I recently finished David Goodis' book Somebody's Done For and have finally
finished the entire Goodis catalogue. An interesting book that ranks with
Cassidy's Girl, The Burglar, Down There and Black Friday. I believe it's
only been reprinted once, in the Blue Murder series (circa 1993), since it's
original publication as a PBO from Banner in 1967--after Goodis' Death.

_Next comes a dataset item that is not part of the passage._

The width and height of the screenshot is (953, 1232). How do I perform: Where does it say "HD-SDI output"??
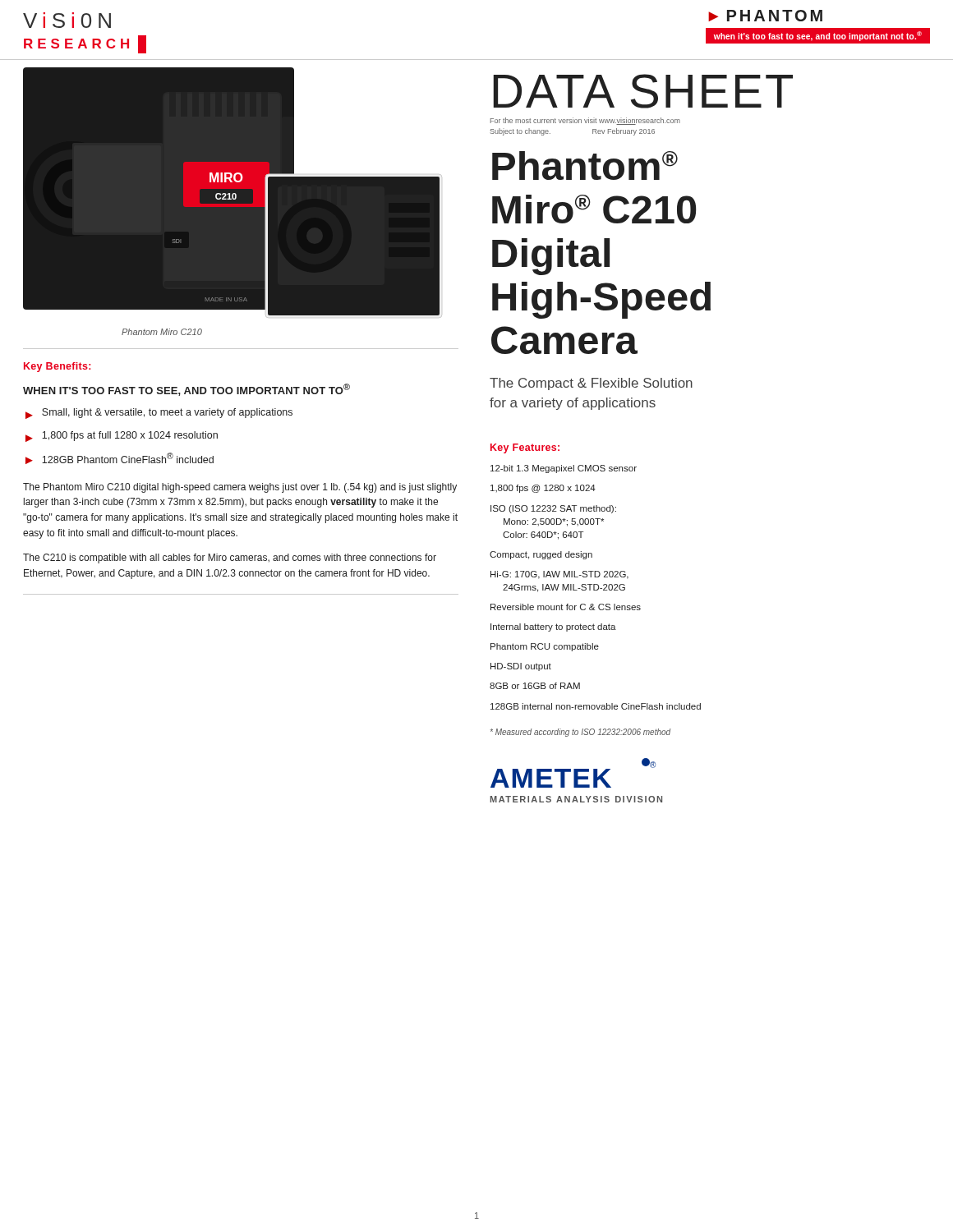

Like many of Goodis' novels it starts out with the protagonist contemplating
his imminent death, although not by suicide, but by drowning. He's in the
middle of Delaware Bay too far out to see the shore and about to give up
treading water due to sheer exhaustion. Although he eventually makes it to
shore, he spends the rest of the novel, the timeframe of which is a period
of three days, facing imminent death.
All of the Goodis hallmarks are there. The bitch/evil woman/women vs. the
angel in need of saving, the suicidal thoughts, the unbelievable
coincidences and the backdrop of Philadelphia. Although, in this, his last
novel he seems to address the issue of implausible coincidences, by delving
into the Freudian belief that there are no real coincidences. The
machinations of our subconscious lead us to a point that only to our
conscious mind seem coincidental. Mind you, I'm not saying he does this
convincingly, but at least well enough to hold your interest and momentarily
believe the implausible.
I wouldn't consider myself a Goodis scholar (I appreciated the invite to
Goodiscon, though) or even a fan of his, but his writing is compelling
enough to have spent years tracking down obscure, out-of-print volumes. It's
evident after reading the novels and a lot of his short stories that his
writing at its best was a mirror of his own meager tortured existence and,
at worse, Walter Mitty-like flights of fantasy that were far removed from
his own humble life. When he talks about firearms it's clear he's out of his
realm. His description of the workings of a shotgun show that the guy was
never close to one in his life, let alone ever having fired one.
I know he had has his fifteen minutes of fame and fortune with the
serialization of Dark Passage in the Saturday Evening Post, the subsequent
film version and the brief Hollywood screenwriting career that followed, but
I don't think he crammed enough living in those good years to give his
novels the necessary verisimilitude before retreating to the oblivion of the
poolhalls of Northeast Philly. Hemingway, by contrast, actually ran with the
bulls he wrote about and was in the First World War as well as the Spanish
Civil War.
When you read any of the dozens of flying ace stories he cranked out in the
early forties, you realize just how apt the Walter Mitty analogy is. I'm
sure the guy could count on one hand or two hands the times he was even in
an airplane. Someone please correct me if I'm wrong here.
Some interesting notes about his novels: They are all crime novels. All but
four of them are set in Philadelphia. About half of them have the main
character contemplating suicide at one point.